**Work instructions**
Copy each line of the data beneath in which the word "longitude" appears.

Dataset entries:
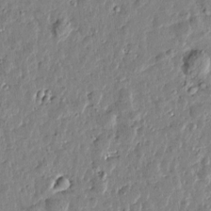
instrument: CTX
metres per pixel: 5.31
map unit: Htu
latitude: 1.0647
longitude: -178.7058
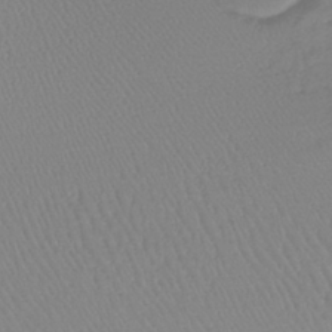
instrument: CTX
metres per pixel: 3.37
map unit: lHb
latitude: -40.9919
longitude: 61.2943
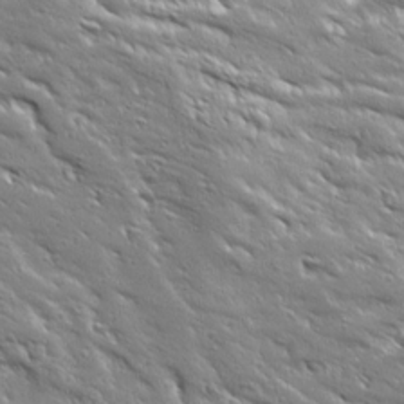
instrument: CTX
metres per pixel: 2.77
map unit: Ave
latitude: 19.2348
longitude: -136.8758
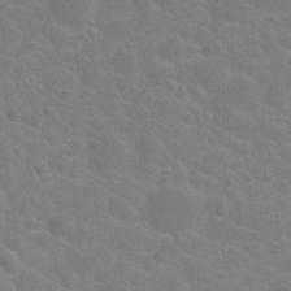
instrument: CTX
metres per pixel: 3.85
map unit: Nhu
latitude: 25.4804
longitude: -51.6882
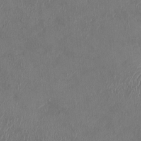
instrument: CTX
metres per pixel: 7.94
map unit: HNhu
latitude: 3.6883
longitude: -6.3845
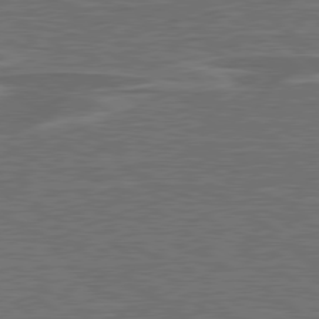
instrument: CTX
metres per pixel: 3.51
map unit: lApd
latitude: 79.3293
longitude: -91.6127
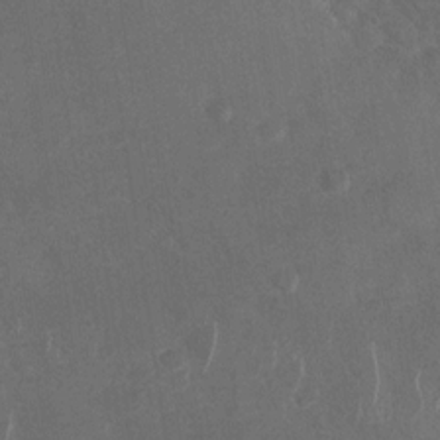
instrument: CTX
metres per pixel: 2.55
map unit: Nhu
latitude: -29.6155
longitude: -61.8961
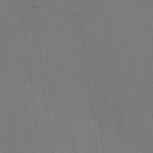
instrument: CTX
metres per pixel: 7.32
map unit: lAa
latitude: 12.2145
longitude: -108.5167
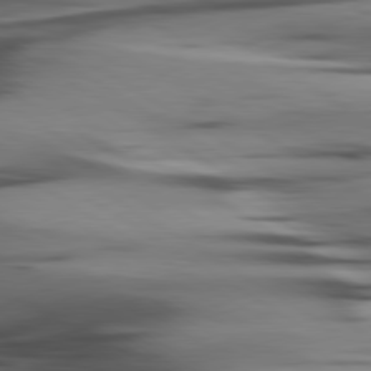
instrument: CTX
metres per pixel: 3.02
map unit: lApd
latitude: 80.2522
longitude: -121.3482
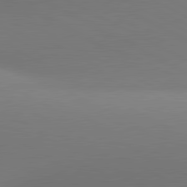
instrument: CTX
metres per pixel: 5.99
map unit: lApd
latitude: 80.9892
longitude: 132.8597
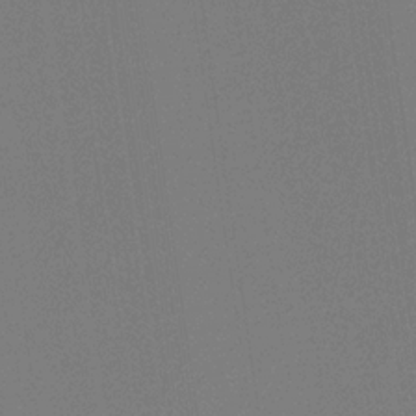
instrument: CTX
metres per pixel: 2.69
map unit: eHb
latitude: -30.2739
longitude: 69.9178
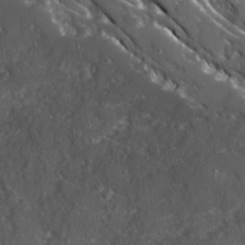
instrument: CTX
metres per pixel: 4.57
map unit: Ave
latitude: 15.7450
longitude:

**Task response**
longitude: -178.7058
longitude: 61.2943
longitude: -136.8758
longitude: -51.6882
longitude: -6.3845
longitude: -91.6127
longitude: -61.8961
longitude: -108.5167
longitude: -121.3482
longitude: 132.8597
longitude: 69.9178
longitude:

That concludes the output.